Top of Exercise input

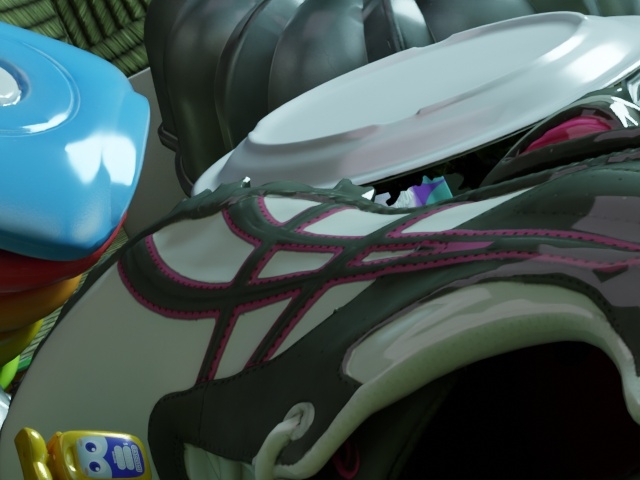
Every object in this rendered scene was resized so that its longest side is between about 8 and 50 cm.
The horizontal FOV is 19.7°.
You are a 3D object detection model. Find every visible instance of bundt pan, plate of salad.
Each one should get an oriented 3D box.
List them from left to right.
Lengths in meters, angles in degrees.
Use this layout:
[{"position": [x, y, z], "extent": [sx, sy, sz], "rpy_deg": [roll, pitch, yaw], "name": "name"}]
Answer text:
[{"position": [0.040, -0.151, 1.114], "extent": [0.331, 0.124, 0.331], "rpy_deg": [-11, 43, 11], "name": "bundt pan"}, {"position": [0.045, -0.044, 0.734], "extent": [0.200, 0.048, 0.200], "rpy_deg": [-19, 13, 5], "name": "plate of salad"}]

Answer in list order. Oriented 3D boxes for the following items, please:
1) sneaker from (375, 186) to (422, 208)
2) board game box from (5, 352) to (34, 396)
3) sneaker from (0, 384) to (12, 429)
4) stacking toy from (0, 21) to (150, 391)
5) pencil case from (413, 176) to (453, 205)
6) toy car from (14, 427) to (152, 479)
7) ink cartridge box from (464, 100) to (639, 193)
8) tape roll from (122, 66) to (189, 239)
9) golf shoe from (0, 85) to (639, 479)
[{"position": [0.000, 0.000, 0.818], "extent": [0.095, 0.104, 0.236], "rpy_deg": [-23, 7, 12], "name": "sneaker"}, {"position": [-0.085, 0.044, 1.078], "extent": [0.124, 0.039, 0.259], "rpy_deg": [-23, -1, 29], "name": "board game box"}, {"position": [-0.272, 0.108, 0.804], "extent": [0.297, 0.111, 0.129], "rpy_deg": [-1, 31, 3], "name": "sneaker"}, {"position": [-0.206, 0.043, 0.912], "extent": [0.175, 0.165, 0.302], "rpy_deg": [-90, 21, -57], "name": "stacking toy"}, {"position": [0.002, 0.005, 0.966], "extent": [0.151, 0.064, 0.070], "rpy_deg": [-27, -33, -12], "name": "pencil case"}, {"position": [-0.024, 0.064, 0.376], "extent": [0.040, 0.060, 0.122], "rpy_deg": [2, 36, -27], "name": "toy car"}, {"position": [0.156, -0.036, 0.690], "extent": [0.235, 0.056, 0.171], "rpy_deg": [-22, 6, 27], "name": "ink cartridge box"}, {"position": [-0.042, -0.072, 1.367], "extent": [0.246, 0.169, 0.246], "rpy_deg": [-25, 5, 2], "name": "tape roll"}, {"position": [0.002, 0.040, 0.443], "extent": [0.273, 0.105, 0.120], "rpy_deg": [-22, 13, 35], "name": "golf shoe"}]
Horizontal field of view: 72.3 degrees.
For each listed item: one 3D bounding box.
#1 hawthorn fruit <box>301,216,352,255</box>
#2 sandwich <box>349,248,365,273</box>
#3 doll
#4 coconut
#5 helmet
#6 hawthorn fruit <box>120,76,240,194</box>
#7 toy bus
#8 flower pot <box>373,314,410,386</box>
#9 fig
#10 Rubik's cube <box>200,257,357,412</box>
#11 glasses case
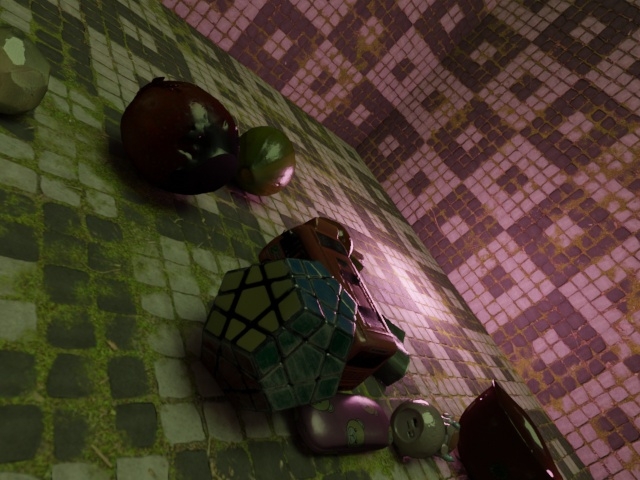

Bottom of Exercise input

**Exercise details:** In the listing above, how many lines include the string "this"? Say only the number.

**Problem solution:** 2